In your output, repeat each entry exactly and include no pictures.

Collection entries

::::::::::

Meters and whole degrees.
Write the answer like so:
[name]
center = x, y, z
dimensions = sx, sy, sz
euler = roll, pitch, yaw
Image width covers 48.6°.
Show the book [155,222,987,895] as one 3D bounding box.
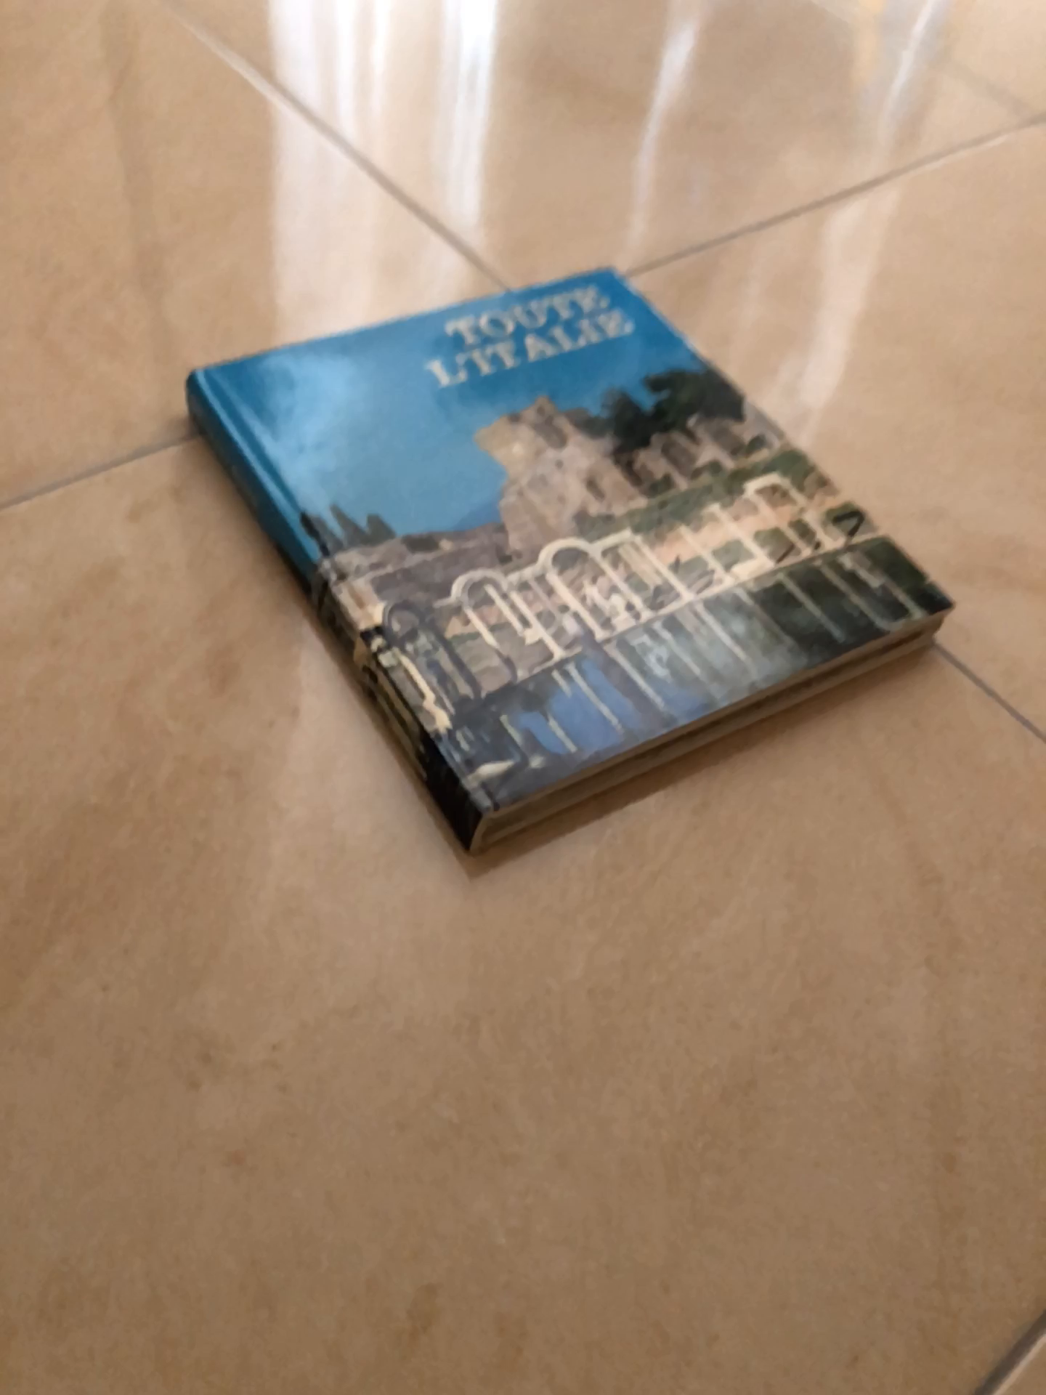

::::::::::

◆ TASK SOLUTION:
Meters and whole degrees.
Write the answer like so:
[name]
center = x, y, z
dimensions = sx, sy, sz
euler = roll, pitch, yaw
Image width covers 48.6°.
Show the book [155,222,987,895] as one 3D bounding box.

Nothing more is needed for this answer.